Marcellus Maximus meint. - Ausgabe #13
Am 28.8.1963, also heute vor 57 Jahren, hielt Martin Luther King vor 250.000 Menschen am Lincoln Memorial seine “I Have a Dream”-Rede im Rahmen des “March on Washington for Jobs and Freedom”. Einer der meiner Meinung nach wichtigsten Sätze dieser Rede ist dieser:
I have a dream that my four little children will one day live in a nation where they will not be judged by the color of their skin but by the content of their character.
Davon ist nicht nur das heutige Amerika, sondern die gesamte heutige westliche Welt leider weit entfernt. Allerdings ein wenig anders, als King es damals meinte. Vertreter der eigentlich positiv intendierten Identitätspolitik haben unbewusst eine neue Form der Rassenlehre etabliert. Die Ethnie ist in Debatten auf einmal wieder wichtig, um zu entscheiden, wer sich zu welchen Themen äussern darf.
Auch wie Angehörige einer ethnischen Gruppe über bestimmte Themen zu denken, zu sprechen oder was sie als Diskriminierung zu empfinden haben, wird versucht, ihnen vorzuschreiben. Inzwischen ist es soweit, dass eine dunkle Hautfarbe nicht mehr reicht. Es wird zwischen Farbtönen differenziert. Je dunkler, desto mehr Opfer, also sprechberechtigter.
Hautfarbe, sexuelle Orientierung und Geschlecht spielen heute eine größere Rolle, als je zuvor. Das ist kein Fortschritt, diesbezüglich war die Gesellschaft in den 90er Jahren schonmal deutlich weiter. Ich hoffe, dass den Protagonisten dieser Irrweg irgendwann bewusst wird. Martin Luther King würde übrigens auch die aktuelle “Black Lives Matter”-Bewegung sehr kritisch sehen, dessen bin ich mir sicher. Von seiner Frau stammt das Zitat
Revenge and retaliation always perpetuate the cycle of anger, fear and violence.

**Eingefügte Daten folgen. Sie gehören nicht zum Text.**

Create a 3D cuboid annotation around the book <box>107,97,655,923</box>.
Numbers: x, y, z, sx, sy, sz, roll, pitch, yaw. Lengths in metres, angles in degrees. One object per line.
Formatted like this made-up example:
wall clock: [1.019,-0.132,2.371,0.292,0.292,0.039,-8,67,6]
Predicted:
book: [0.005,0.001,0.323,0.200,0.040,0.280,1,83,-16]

Diese Woche geht es unter Anderem um Datenschutz, das Berliner Neutralitätsgesetz und das Duzen.
Nun aber los.
Politik/Gesellschaft
Schon seit Beginn der Erhebung von Gästedaten bei Restaurantbesuchen zur Nachverfolgung von Infektionsketten wegen Covid-19, die ich grundsätzlich für richtig halte, ordne ich den Datenschutz als unzureichend ein. Die Listen liegen nicht selten offen herum, jeder Gast und auch das Personal kann/können sie einsehen. Der “Chaos Computer Club” hat jetzt beim Cloudanbieter Gastronomi aus Bremen für digitale Gästelisten gravierende Datenschutzmängel festgestellt. Die Organisation fand mehr als vier Millionen Adress- und Reservierungseinträge aus den letzten neun Jahren.
Verschiedene Schwachstellen ermöglichten den Zugriff auf insgesamt 87.313 Corona-Kontakterhebungen von 180 Restaurants, die das System aktiv nutzten*.

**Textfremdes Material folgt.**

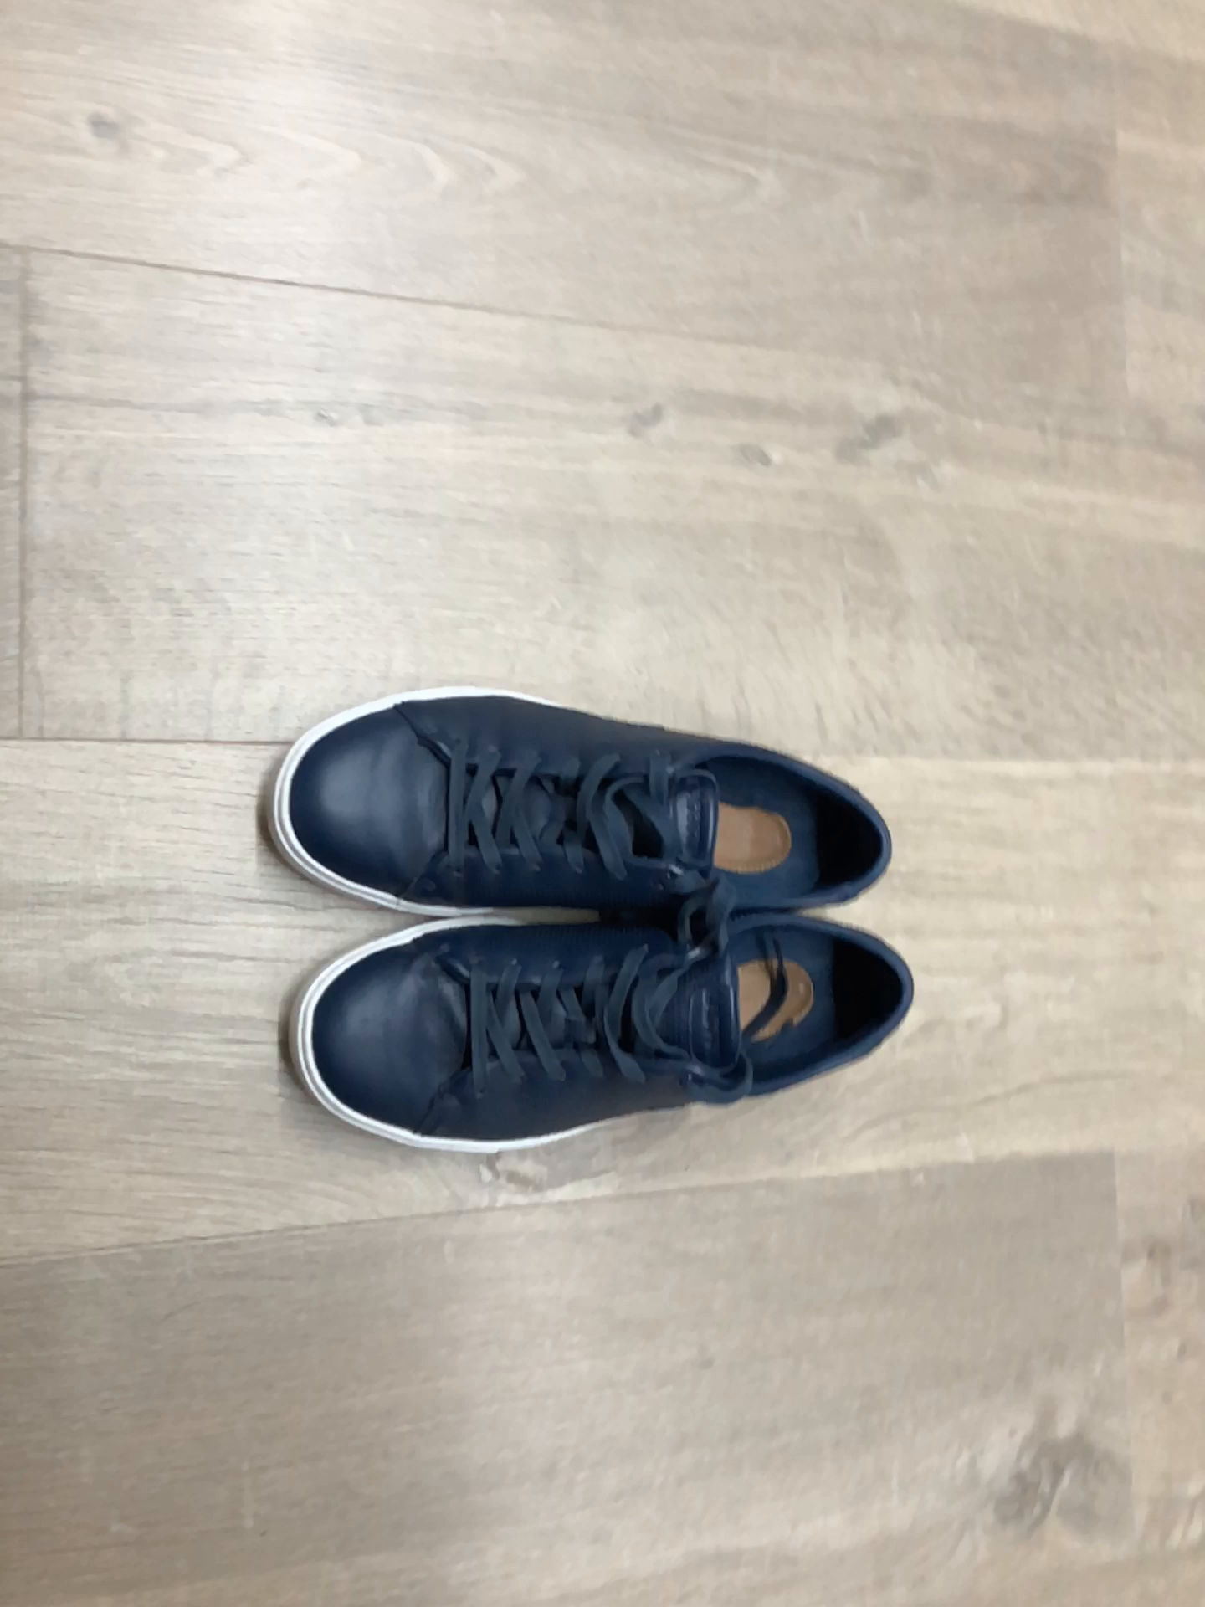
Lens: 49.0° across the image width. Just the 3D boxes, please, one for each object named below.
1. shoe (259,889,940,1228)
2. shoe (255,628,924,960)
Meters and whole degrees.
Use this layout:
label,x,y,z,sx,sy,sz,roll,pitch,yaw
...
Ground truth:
label,x,y,z,sx,sy,sz,roll,pitch,yaw
shoe,-0.001,0.089,0.512,0.247,0.080,0.100,-1,86,-20
shoe,-0.003,0.004,0.524,0.247,0.080,0.100,6,84,-19

Im betroffenen System wurden jedoch nicht nur Corona-Listen, sondern auch Reservierungen, Bestellungen und Kassenumsätze gespeichert. Der Cloud-Service wirbt damit, monatlich über 96 Mio. Euro Umsatz von 7,7 Mio. Kundinnen sowie 600.000 Reservierungen über das System abzuwickeln*. Persönliche Daten von Besucherinnen werden vor allem bei Reservierungen und Corona-Registrierungen erfasst.
Insgesamt war der Zugriff auf 4,8 Mio. Personendatensätze aus über 5,4 Mio. Reservierungen möglich, wie der Cloud-Service bestätigt*.
Dieser Vorgang zeigt auch erneut, warum die Vorratsdatenspeicherung keine gute Idee ist. Dass man über viele Jahre nachvollziehen kann, wer wann mit wem in welchem Lokal gewesen ist, gefällt mir persönlich gar nicht. Leider hat die Erfahrung, und auch die Tatsache der größtenteils ausgebliebenen Verhaltensänderungen nach den Enthüllungen von Edward Snowden, gezeigt, dass Datenschutz den meisten Menschen egal ist.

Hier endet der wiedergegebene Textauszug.